Koruma mı kontrol ve tasallut mu?

Paralel devletin hüküm sürdüğü dönemde bir bürokrat bana: “şu gördüğün korumalar var ya bunların asıl görevi mensubu oldukları örgüt adına beni gözetim ve denetim altında tutmaktır. Beni korumak görünümü altında gün boyu yaptıklarımı örgütlerine rapor ediyorlar. ‘Koruma’ dedikleri aslında kontrol altında tutmaktır. Memleket yararına ama örgütleri aleyhine olacak en ufak bir icraatımın bana neye mal olacağını çok iyi biliyorum.” Demişti.

Türkiye 1952 yılından beri sözde NATO koruması, gerçekte kontrol denetimi altındadır. Bu güne kadar NATO’nun korumasına dair bir icraatına şahit olmadık. NATO’nun bizi korumak gibi bir derdinin olmadığını 5 Haziran 1964 yılında Amerika başkanı Johnson’un İnönü’ye gönderdiği mektuptan net olarak anlaşılmaktadır. O mektupta Kıbrıs’a müdahale edildiği taktirde Sovyetler’e karşı NATO’nun 5. Maddesinin işletilmeyeceği ve Türkiye’ye verilmiş bulunan askeri malzemenin kullanılmasına izin verilmeyeceği belirtilmiştir. Bu onur kırıcı aşağılayıcı mektuba karşılık Başbakan İnönü şöyle bir cümle sarfetmiştir: “Yeni bir dünya kurulur, Türkiye de o dünyada yerini alır.”

Yeni bir dünya için Merhum Erbakanın D 8 girişiminden başka bir teşebbüs olmamıştır. Amerikan üsleri ilk defa O’nun tarafından kapatılmıştır. Erbakanın bu girişimleri partisinin parçalanması ve kendisinin hapsedilmesi ile sonuçlanmıştır.

Türkiye üyesi olduğu bu savunma teşkilatının patronları olan ABD ve İngiltere’nin murakabe ve denetimi hatta fiili esareti altındadır. Başta sınır komşuları olmak üzere dış politikasının tamamında patronlara bağımlı hareket etmek mecburiyetinde bırakılmaktadır. Dini ve milli çıkarlarımız Irak ve Suriye halkının yanında durmamızı gerektirdiği halde Irak’ın Amerika ve İngiltere tarafından talanına destek olmak zorunda kaldık. 1 Mart tezkeresini meclisten geçirmesek de başta incirlik olmak üzere Amerika üslerini emperyalizmin hizmetine sunduk.
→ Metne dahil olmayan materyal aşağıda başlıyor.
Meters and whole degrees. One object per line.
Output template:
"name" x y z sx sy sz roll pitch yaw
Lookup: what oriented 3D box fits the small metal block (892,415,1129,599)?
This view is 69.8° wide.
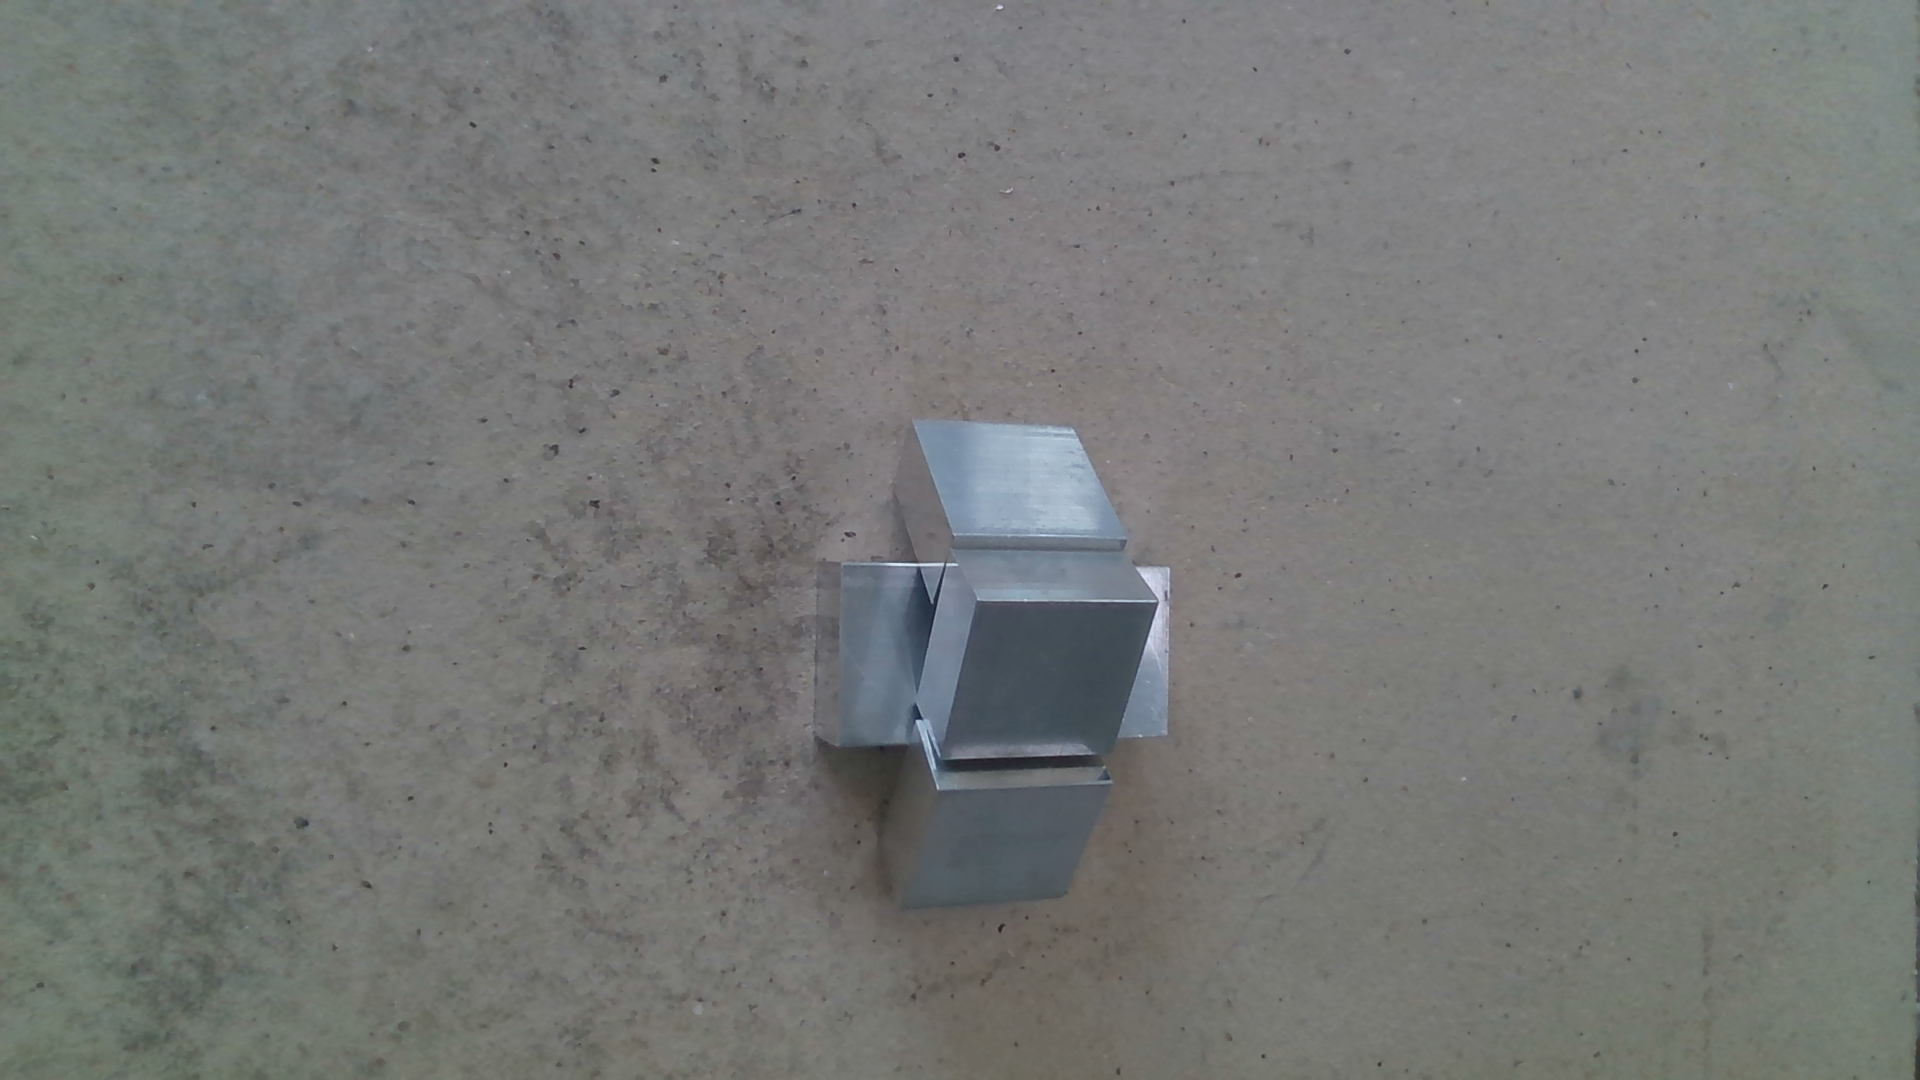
"small metal block" 0.013 -0.009 0.384 0.050 0.050 0.025 1 132 -20

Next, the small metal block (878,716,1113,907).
"small metal block" 0.009 0.075 0.384 0.050 0.025 0.050 1 129 -20

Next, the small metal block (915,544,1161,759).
"small metal block" 0.019 0.029 0.363 0.050 0.025 0.050 1 120 -20

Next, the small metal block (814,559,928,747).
"small metal block" -0.014 0.031 0.389 0.050 0.025 0.050 1 90 -20

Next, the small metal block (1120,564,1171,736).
"small metal block" 0.034 0.032 0.406 0.050 0.025 0.050 1 90 -20

Suriye’nin parçalanmasına ve İsrail için kolay lokma olmasına yardımcı olduk.

ABD ve İngiltere bir yandan gölge vali gibi hareket eden büyük elçileri  bir yandan nüfuz ettikleri askeri ve sivil bürokrasi diğer yandan kontrol ettikleri beşinci güç olan medya vasıtası ile hükümetlerimizi sağcı, solcu, ‘İslamcı’ ayrımı yapmadan kendi politikalarına hizmet ettirmektedirler.

Türkiye, Aksa Tufanı sonrası Gazze’de yaşananan katliamlar karşısındaki çaresizliğini iliklerine kadar yaşamıştır. Türkiye’nin bu onur kırıcı zilletten kurtulması gerekir. Bunun yolu hiç zaman kaybetmeden NATO’dan çıkmak Amerikan üslerini kapatmaktan geçer. Kuşkusuz bunun hem iktidara hem de millete ağır maliyetleri olacaktır. İktidar bu bedeli ödemeye razı olmazsa halk onu iktidardan uzaklaştırma baskısı ile buna razı etmelidir.
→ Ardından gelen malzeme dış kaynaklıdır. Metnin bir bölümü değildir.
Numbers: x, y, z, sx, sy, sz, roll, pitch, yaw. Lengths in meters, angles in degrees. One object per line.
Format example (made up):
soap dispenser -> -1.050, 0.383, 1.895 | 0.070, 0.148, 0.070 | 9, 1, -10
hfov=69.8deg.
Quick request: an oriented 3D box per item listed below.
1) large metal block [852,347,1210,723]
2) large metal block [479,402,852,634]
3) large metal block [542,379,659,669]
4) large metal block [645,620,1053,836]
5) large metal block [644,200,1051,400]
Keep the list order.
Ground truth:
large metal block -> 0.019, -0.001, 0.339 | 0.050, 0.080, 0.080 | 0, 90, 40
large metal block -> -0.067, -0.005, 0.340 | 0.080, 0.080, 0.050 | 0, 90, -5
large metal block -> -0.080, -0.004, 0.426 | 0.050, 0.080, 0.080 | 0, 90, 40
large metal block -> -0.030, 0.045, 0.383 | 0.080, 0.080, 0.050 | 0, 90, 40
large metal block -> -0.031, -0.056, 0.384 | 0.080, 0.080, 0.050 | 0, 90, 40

Millet genel olarak bu zillet ortamından çıkış arıyorsa seçimlerde partilerin ABD ve NATO karşıtlığını öne çıkarmalı ve bu hayati meseleyi ekonomik kaygıların önüne geçirmelidir. Açlığa yoksulluğa razı olduğunu ama esarete asla razı olmadığını her fırsatta yönetime talip olanlara deklere etmelidir.

Siyasi ve ekonomik bağımsızlığı olmayan bir devlet esaret altındadır. Kendisi esaret altında olan birinden başka esirleri kurtarmasını beklemek abestir.

Dünyanın sayılı ordularından birine sahip olmamıza rağmen Yemen kadar Gazze’ye yardımcı olamayışımızın başka izahı var mı?!Yemen tam bağımsız olmasaydı İşgalciye füze fırlatabilir miydi?!

Bir ülke küresel emperyalizmin tasallutunda kurtulma iradesini ortaya koyduğunda kurtulmuş olanların tam desteğini alacağından kuşkumuz olmasın!